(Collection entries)
::::

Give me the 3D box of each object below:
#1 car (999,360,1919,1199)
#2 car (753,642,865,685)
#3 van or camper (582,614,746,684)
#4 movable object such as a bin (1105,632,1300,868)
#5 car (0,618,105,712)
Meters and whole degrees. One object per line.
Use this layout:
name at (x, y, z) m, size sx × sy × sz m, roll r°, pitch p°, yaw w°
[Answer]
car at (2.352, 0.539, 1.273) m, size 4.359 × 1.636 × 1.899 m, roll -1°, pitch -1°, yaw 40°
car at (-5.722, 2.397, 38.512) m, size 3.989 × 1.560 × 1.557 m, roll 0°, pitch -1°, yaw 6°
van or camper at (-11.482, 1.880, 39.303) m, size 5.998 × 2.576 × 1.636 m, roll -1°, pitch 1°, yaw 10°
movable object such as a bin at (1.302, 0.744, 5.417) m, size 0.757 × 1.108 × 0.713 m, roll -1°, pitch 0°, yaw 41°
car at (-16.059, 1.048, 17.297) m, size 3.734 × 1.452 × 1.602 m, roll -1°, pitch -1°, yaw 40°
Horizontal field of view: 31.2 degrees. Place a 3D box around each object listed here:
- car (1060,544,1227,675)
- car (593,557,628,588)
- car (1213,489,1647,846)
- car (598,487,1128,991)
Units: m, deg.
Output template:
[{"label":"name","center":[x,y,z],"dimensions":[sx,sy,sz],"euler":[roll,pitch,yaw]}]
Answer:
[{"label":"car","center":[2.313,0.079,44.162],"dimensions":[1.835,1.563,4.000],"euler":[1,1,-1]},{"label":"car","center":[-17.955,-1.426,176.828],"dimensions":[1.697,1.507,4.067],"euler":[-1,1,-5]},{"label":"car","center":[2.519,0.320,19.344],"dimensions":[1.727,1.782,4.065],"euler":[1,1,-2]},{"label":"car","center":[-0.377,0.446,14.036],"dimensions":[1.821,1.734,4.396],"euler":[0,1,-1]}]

::::

From the first line to the last, return the records unchanged.

Give me the 3D box of each object below:
#1 car (999,360,1919,1199)
#2 car (753,642,865,685)
#3 van or camper (582,614,746,684)
#4 movable object such as a bin (1105,632,1300,868)
#5 car (0,618,105,712)
Meters and whole degrees. One object per line.
Use this layout:
name at (x, y, z) m, size sx × sy × sz m, roll r°, pitch p°, yaw w°
[Answer]
car at (2.352, 0.539, 1.273) m, size 4.359 × 1.636 × 1.899 m, roll -1°, pitch -1°, yaw 40°
car at (-5.722, 2.397, 38.512) m, size 3.989 × 1.560 × 1.557 m, roll 0°, pitch -1°, yaw 6°
van or camper at (-11.482, 1.880, 39.303) m, size 5.998 × 2.576 × 1.636 m, roll -1°, pitch 1°, yaw 10°
movable object such as a bin at (1.302, 0.744, 5.417) m, size 0.757 × 1.108 × 0.713 m, roll -1°, pitch 0°, yaw 41°
car at (-16.059, 1.048, 17.297) m, size 3.734 × 1.452 × 1.602 m, roll -1°, pitch -1°, yaw 40°
Horizontal field of view: 31.2 degrees. Place a 3D box around each object listed here:
- car (1060,544,1227,675)
- car (593,557,628,588)
- car (1213,489,1647,846)
- car (598,487,1128,991)
Units: m, deg.
Output template:
[{"label":"name","center":[x,y,z],"dimensions":[sx,sy,sz],"euler":[roll,pitch,yaw]}]
Answer:
[{"label":"car","center":[2.313,0.079,44.162],"dimensions":[1.835,1.563,4.000],"euler":[1,1,-1]},{"label":"car","center":[-17.955,-1.426,176.828],"dimensions":[1.697,1.507,4.067],"euler":[-1,1,-5]},{"label":"car","center":[2.519,0.320,19.344],"dimensions":[1.727,1.782,4.065],"euler":[1,1,-2]},{"label":"car","center":[-0.377,0.446,14.036],"dimensions":[1.821,1.734,4.396],"euler":[0,1,-1]}]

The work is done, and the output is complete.